A Beautiful End to a Star’s Life — The “Eskimo Nebula.”

Stars like the Sun can become remarkably photogenic at the end of their life. A good example is NGC 2392, which is located about 4,200 light years from Earth. NGC 2392, nicknamed the “Eskimo Nebula”, is what astronomers call a planetary nebula. This designation, however, is deceiving because planetary nebulas actually have nothing to do with planets. The term is simply a historic relic since these objects looked like planetary disks to astronomers in earlier times looking through small optical telescopes.

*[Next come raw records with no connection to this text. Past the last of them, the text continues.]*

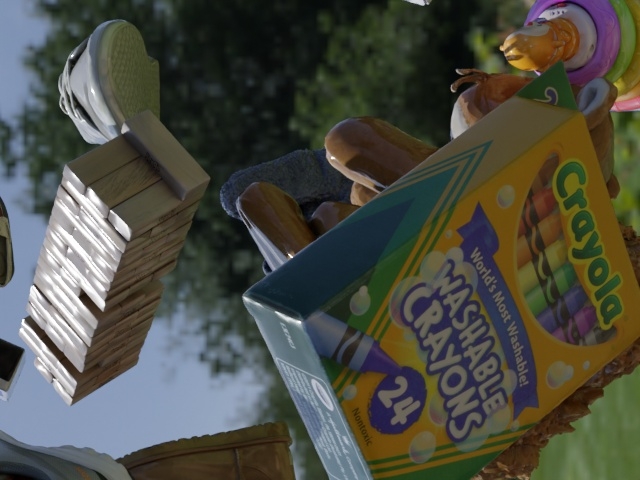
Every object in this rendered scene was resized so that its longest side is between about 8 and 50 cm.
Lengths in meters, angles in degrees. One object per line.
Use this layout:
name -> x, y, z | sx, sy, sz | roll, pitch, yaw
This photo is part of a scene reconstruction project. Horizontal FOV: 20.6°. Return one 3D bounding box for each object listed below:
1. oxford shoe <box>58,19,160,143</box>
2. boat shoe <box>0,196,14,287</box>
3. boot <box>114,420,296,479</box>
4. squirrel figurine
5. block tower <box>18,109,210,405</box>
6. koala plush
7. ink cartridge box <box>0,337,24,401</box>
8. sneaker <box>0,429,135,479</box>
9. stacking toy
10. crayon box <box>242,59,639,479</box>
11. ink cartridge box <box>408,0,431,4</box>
oxford shoe -> -0.291, -0.201, 2.364 | 0.449, 0.130, 0.169 | -161, 72, -88
boat shoe -> -0.427, -0.006, 2.289 | 0.043, 0.049, 0.137 | -138, 40, -75
boot -> -0.110, 0.350, 1.939 | 0.089, 0.236, 0.269 | 76, -179, -70
squirrel figurine -> 0.172, 0.018, 1.670 | 0.397, 0.370, 0.281 | 42, 159, 34
block tower -> -0.199, 0.025, 1.623 | 0.097, 0.091, 0.335 | -33, -18, -35
koala plush -> 0.000, 0.000, 2.194 | 0.196, 0.203, 0.221 | 59, 168, 19
ink cartridge box -> -0.460, 0.142, 2.232 | 0.333, 0.165, 0.065 | 144, 148, -77
sneaker -> -0.281, 0.195, 1.407 | 0.108, 0.272, 0.100 | 9, -95, -63
stacking toy -> 0.267, -0.205, 1.785 | 0.302, 0.175, 0.165 | -13, -79, -54
crayon box -> 0.120, 0.037, 1.293 | 0.083, 0.323, 0.203 | 21, 141, 51
ink cartridge box -> 0.133, -0.390, 2.345 | 0.135, 0.099, 0.056 | -56, -40, -17

Instead, planetary nebulas form when a star uses up all of the hydrogen in its core — an event our Sun will go through in about five billion years. When this happens, the star begins to cool and expand, increasing its radius by tens to hundreds of times its original size. Eventually, the outer layers of the star are carried away by a thick 50,000 kilometer per hour wind, leaving behind a hot core. This hot core has a surface temperature of about 50,000 degrees Celsius, and is ejecting its outer layers in a much faster wind traveling six million kilometers per hour. The radiation from the hot star and the interaction of its fast wind with the slower wind creates the complex and filamentary shell of a planetary nebula. Eventually the remnant star will collapse to form a white dwarf star.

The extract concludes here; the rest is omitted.